Support from an unusual place.
In an article in the Daily Mail, Celebrity Chef Aldo Zilli turned the tables on Prue Leith, who has been the far most vocal about this, with Zilli saying:
I really can’t see how it will kill innovation, how can that happen?
We change our menus every season. You can still create what you wish and be a chef as long as you tell customers what ingredients you are using.
There is laziness in this industry and it is about time we stopped that. We as chefs have to become more responsible for what we are feeding our customers.
And there it is in a nut shell. A Celebrity Chef bring common sense to the whole argument. Even Thomasina Miers was forced into a u-turn, posting a statement on her company’s website. Many of the ‘Allergen Mummies’ had mocked Miers for her allergen just vanishing after 6years, could it have possibly been a classic case of self diagnosis?
Of course Wahaca does adhere to all new legislation and we don’t consider the effort to fully communicate the allergens in our food to be a burden but an important part of the service we give every day and one that we’ll continue to evolve to make sure it’s the best and most helpful it can be.
The goes on further to point out her ignorance of how to implement the FIC regulations by saying:
Spreadsheet bureaucracy rather than direct communication with the chef, for example, can seem heavy-handed in cases, and in my opinion not the best way to personally address diners with different levels of allergy.
Meanwhile Prue Leith appeared on BBC radio to try & bolster the campaign, but again ultimately failed. Her attitude of ‘if aint broke, why fix it?’ had echoes of somebody who clearly isn’t in touch with day to day operations & customers, justifying her stance by comparing the FIC regs to comparative legislation in North America & elsewhere.
Shoddy journalism from the Guardian & The Daily Telegraph
Late to the party, the Guardian gave Liz Smith the opportunity to speak on behalf of coeliacs. Smith who runs a proof reading, editing & freelance writing service, headed her piece with:
Why are top chefs cooking up such a fuss on allergy labelling?
and this picture:
Now as the Roux family are a culinary dynasty, with at least four of them being chefs, you could possibly understand how Smith may have mistook one for another. But no, she then reinforces that she’s clueless with:
I’m still disappointed in the likes of Michel Roux Jr and Prue Leith, who should be leading the way in making it easier for everyone to enjoy good food.

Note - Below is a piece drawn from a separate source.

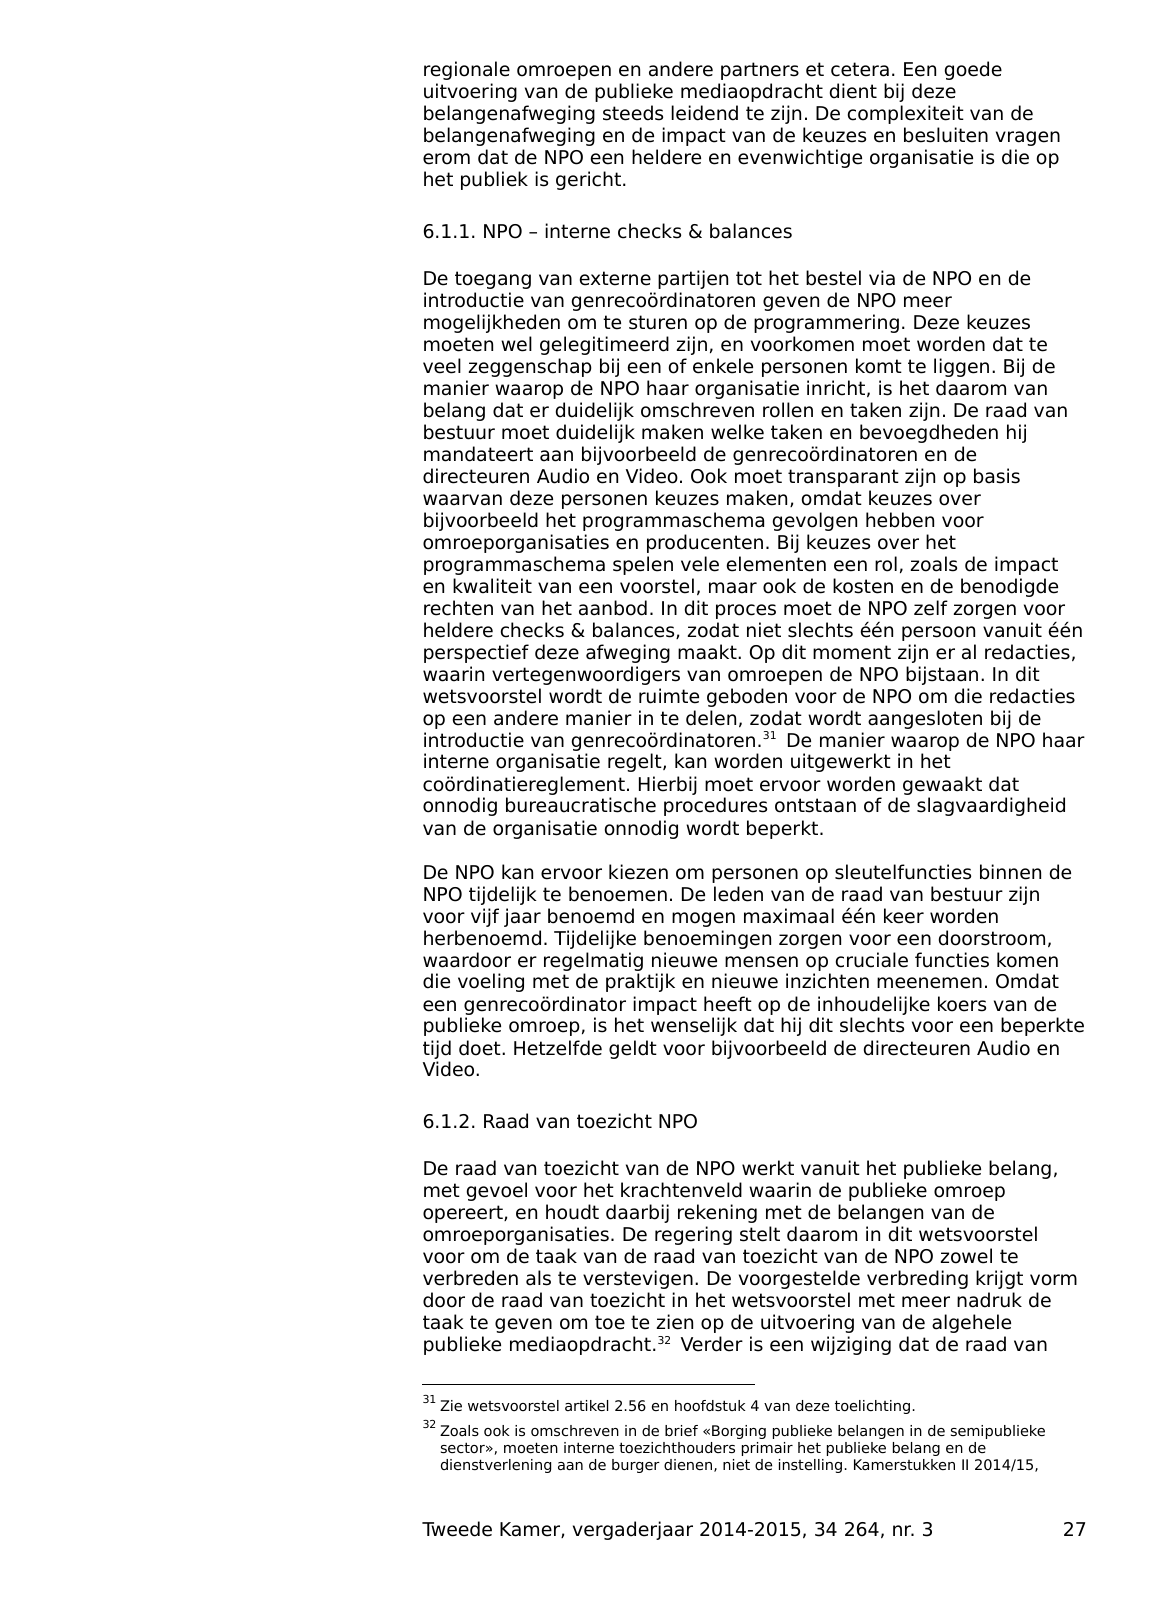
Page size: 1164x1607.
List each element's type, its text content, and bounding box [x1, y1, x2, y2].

FYI Liz, it was Michel Roux Jnr’s father, Albert Roux who signed it 😉
Smith then drones on in a ‘woe is me’ style for 596words about how hard it is for somebody with her condition. Whilst we all pity those with dietary requirements, it is a fact of life, adapt to your situation & get on with it, I have to.
Again, Smith is clearly part of this pact that is under the illusion that menus have to be labelled in some sort of way. They don’t, & quite frankly I really struggle with somebody who written a piece like this for a national paper, & can’t even bothered to do any research for it. She bangs the drum of this letter being ‘100 Top chefs‘, yet as I demonstrated earlier it is anything but.

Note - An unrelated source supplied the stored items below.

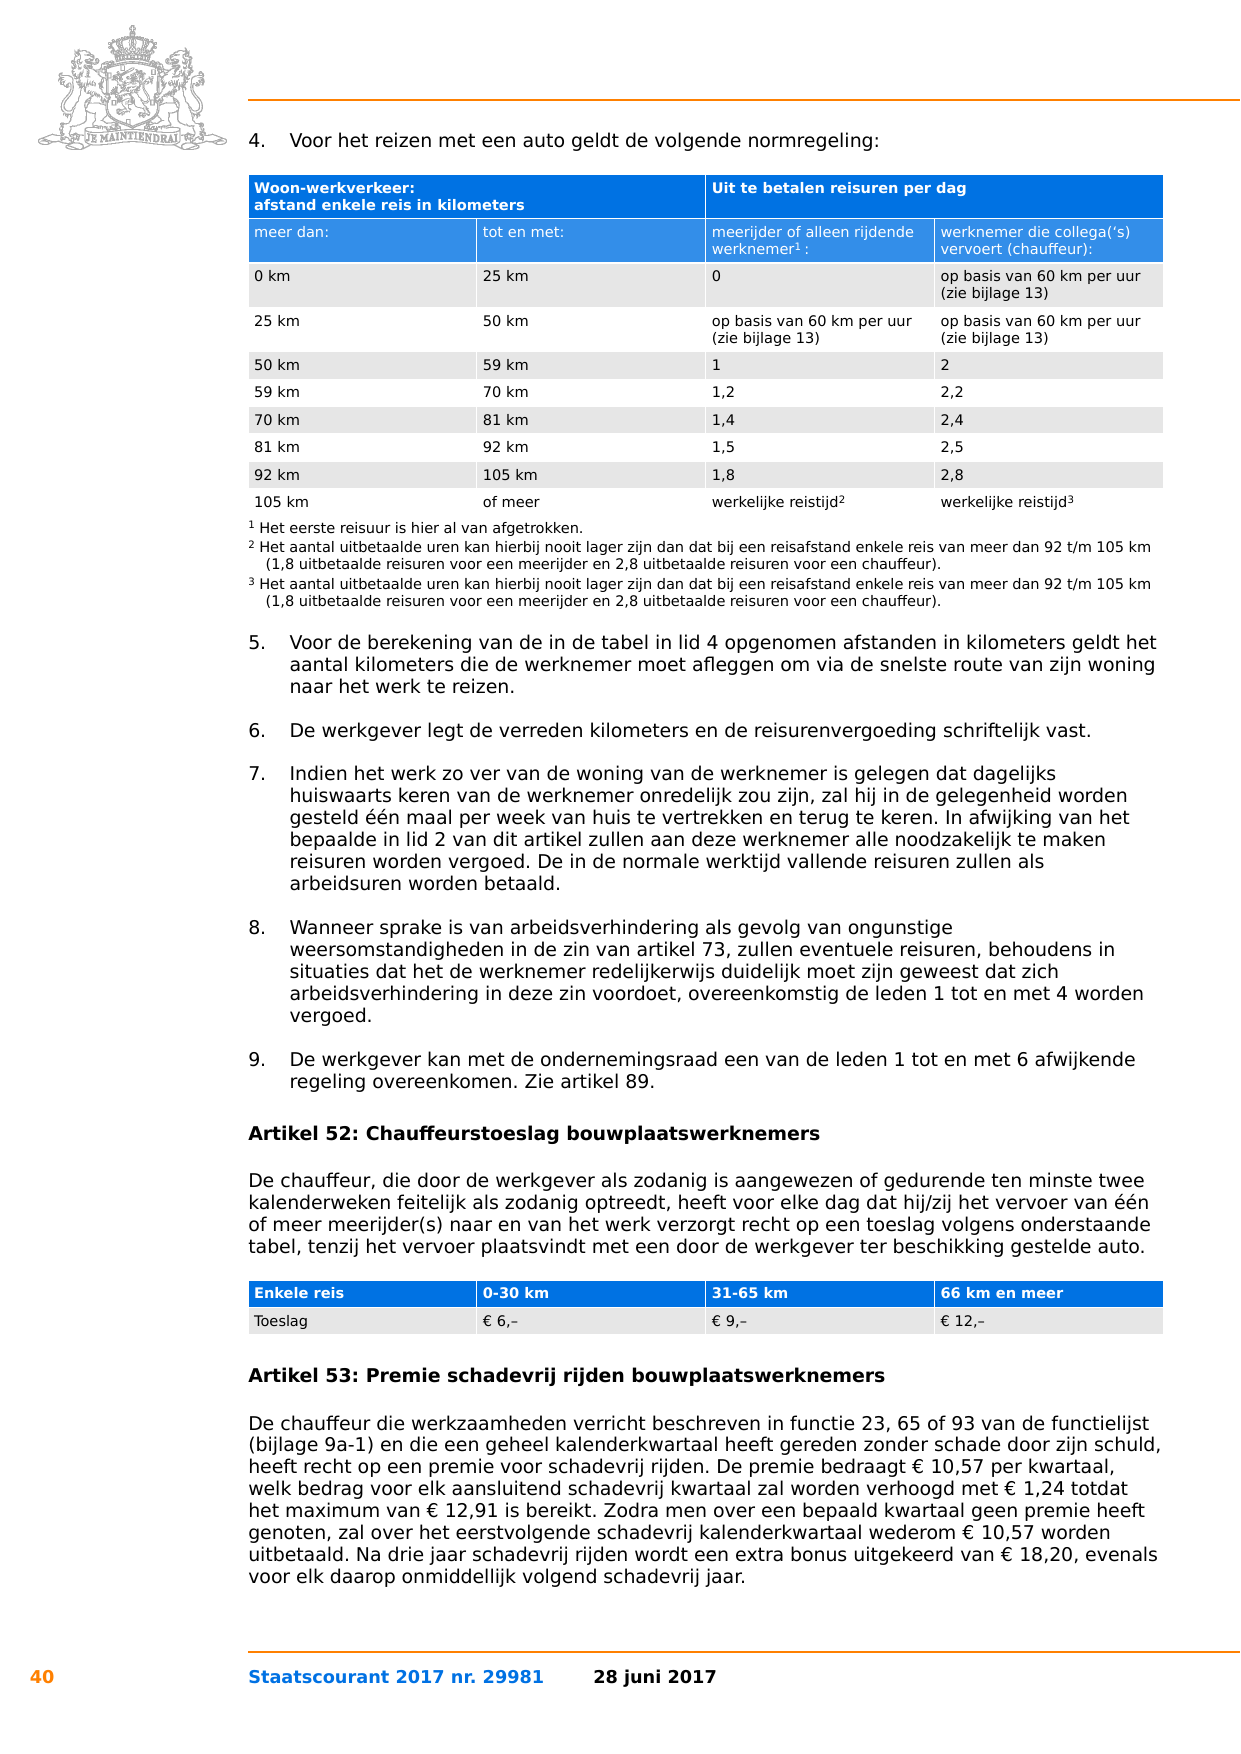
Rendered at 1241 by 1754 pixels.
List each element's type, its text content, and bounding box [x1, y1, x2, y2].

table_cell 2,8 [935, 462, 1163, 488]
table_cell 2,2 [935, 380, 1163, 406]
table_cell 1,8 [706, 462, 934, 488]
table_cell 92 km [477, 435, 705, 461]
table_cell Toeslag [249, 1308, 476, 1334]
table_cell 59 km [477, 352, 705, 379]
table_cell op basis van 60 km per uur (zie bijlage 13) [706, 308, 934, 351]
table_cell € 12,– [935, 1308, 1163, 1334]
table_cell meer dan: [249, 219, 476, 262]
table_cell € 9,– [706, 1308, 934, 1334]
table_cell 50 km [477, 308, 705, 351]
table_cell 1,2 [706, 380, 934, 406]
text De chauffeur, die door de werkgever als zodanig is aangewezen of gedurende ten minste twee kalenderweken feitelijk als zodanig optreedt, heeft voor elke dag dat hij/zij het vervoer van één of meer meerijder(s) naar en van het werk verzorgt recht op een toeslag volgens onderstaande tabel, tenzij het vervoer plaatsvindt met een door de werkgever ter beschikking gestelde auto. [248, 1170, 1163, 1258]
text 8. Wanneer sprake is van arbeidsverhindering als gevolg van ongunstige weersomstandigheden in de zin van artikel 73, zullen eventuele reisuren, behoudens in situaties dat het de werknemer redelijkerwijs duidelijk moet zijn geweest dat zich arbeidsverhindering in deze zin voordoet, overeenkomstig de leden 1 tot en met 4 worden vergoed. [248, 917, 1163, 1027]
table_cell op basis van 60 km per uur (zie bijlage 13) [935, 308, 1163, 351]
subtitle Artikel 53: Premie schadevrij rijden bouwplaatswerknemers [248, 1365, 1163, 1387]
table_header 31-65 km [706, 1281, 934, 1307]
text 6. De werkgever legt de verreden kilometers en de reisurenvergoeding schriftelijk vast. [248, 719, 1163, 741]
table_cell 2 [935, 352, 1163, 379]
table_cell 2,5 [935, 435, 1163, 461]
table_cell 70 km [249, 407, 476, 433]
table_cell 25 km [249, 308, 476, 351]
table_cell werknemer die collega(‘s) vervoert (chauffeur): [935, 219, 1163, 262]
table_cell meerijder of alleen rijdende werknemer1: [706, 219, 934, 262]
table_cell 25 km [477, 264, 705, 307]
table_cell 1 [706, 352, 934, 379]
table_cell 1,4 [706, 407, 934, 433]
table_cell op basis van 60 km per uur (zie bijlage 13) [935, 264, 1163, 307]
table_cell werkelijke reistijd3 [935, 489, 1163, 516]
text 5. Voor de berekening van de in de tabel in lid 4 opgenomen afstanden in kilometers geldt het aantal kilometers die de werknemer moet afleggen om via de snelste route van zijn woning naar het werk te reizen. [248, 632, 1163, 698]
table_cell 105 km [249, 489, 476, 516]
table_header Enkele reis [249, 1281, 476, 1307]
table_cell 81 km [249, 435, 476, 461]
table_cell 2,4 [935, 407, 1163, 433]
table_cell 1 Het eerste reisuur is hier al van afgetrokken. 2 Het aantal uitbetaalde uren kan hierbij nooit lager zijn dan dat bij een reisafstand enkele reis van meer dan 92 t/m 105 km (1,8 uitbetaalde reisuren voor een meerijder en 2,8 uitbetaalde reisuren voor een chauffeur). 3 Het aantal uitbetaalde uren kan hierbij nooit lager zijn dan dat bij een reisafstand enkele reis van meer dan 92 t/m 105 km (1,8 uitbetaalde reisuren voor een meerijder en 2,8 uitbetaalde reisuren voor een chauffeur). [248, 517, 1163, 610]
table_cell tot en met: [477, 219, 705, 262]
table_cell 105 km [477, 462, 705, 488]
table_header 66 km en meer [935, 1281, 1163, 1307]
table_cell of meer [477, 489, 705, 516]
table_cell werkelijke reistijd2 [706, 489, 934, 516]
table_cell 0 [706, 264, 934, 307]
table_cell 50 km [249, 352, 476, 379]
table_header 0-30 km [477, 1281, 705, 1307]
subtitle Artikel 52: Chauffeurstoeslag bouwplaatswerknemers [248, 1123, 1163, 1145]
table_cell 81 km [477, 407, 705, 433]
text 9. De werkgever kan met de ondernemingsraad een van de leden 1 tot en met 6 afwijkende regeling overeenkomen. Zie artikel 89. [248, 1049, 1163, 1093]
picture [38, 25, 227, 150]
table_cell 59 km [249, 380, 476, 406]
table_header Woon-werkverkeer: afstand enkele reis in kilometers [249, 175, 705, 218]
table_cell 70 km [477, 380, 705, 406]
table_cell 92 km [249, 462, 476, 488]
table_cell 1,5 [706, 435, 934, 461]
text 4. Voor het reizen met een auto geldt de volgende normregeling: [248, 130, 1163, 152]
table_cell € 6,– [477, 1308, 705, 1334]
table_cell 0 km [249, 264, 476, 307]
text 7. Indien het werk zo ver van de woning van de werknemer is gelegen dat dagelijks huiswaarts keren van de werknemer onredelijk zou zijn, zal hij in de gelegenheid worden gesteld één maal per week van huis te vertrekken en terug te keren. In afwijking van het bepaalde in lid 2 van dit artikel zullen aan deze werknemer alle noodzakelijk te maken reisuren worden vergoed. De in de normale werktijd vallende reisuren zullen als arbeidsuren worden betaald. [248, 763, 1163, 895]
text De chauffeur die werkzaamheden verricht beschreven in functie 23, 65 of 93 van de functielijst (bijlage 9a-1) en die een geheel kalenderkwartaal heeft gereden zonder schade door zijn schuld, heeft recht op een premie voor schadevrij rijden. De premie bedraagt € 10,57 per kwartaal, welk bedrag voor elk aansluitend schadevrij kwartaal zal worden verhoogd met € 1,24 totdat het maximum van € 12,91 is bereikt. Zodra men over een bepaald kwartaal geen premie heeft genoten, zal over het eerstvolgende schadevrij kalenderkwartaal wederom € 10,57 worden uitbetaald. Na drie jaar schadevrij rijden wordt een extra bonus uitgekeerd van € 18,20, evenals voor elk daarop onmiddellijk volgend schadevrij jaar. [248, 1412, 1163, 1588]
table_header Uit te betalen reisuren per dag [706, 175, 1163, 218]

The Food Standards Authority also replied to the ‘100 Top chefs’ letter, again highlighting how shoddy the journalism had been around the whole subject:
The reality is this, the FIC allergen regulations are an addition to a chef’s/management’s workload, something that 99% of people in the industry won’t get paid extra for. But, if it means that staff are better educated & trained, and customer’s welfare is insured, then the likelihood of more victims like Shahida Shahid, who died from eating a contaminated burger, has to be a good thing.
Prue Leith’s view is blinkered at best, naive at worst; and unfortunately we live in a world far removed from when she last stood at a stove. Customer safety & well being has to be a priority, & if Ms Leith thinks that a £5,000 fine is the biggest of her worries, then she should think again.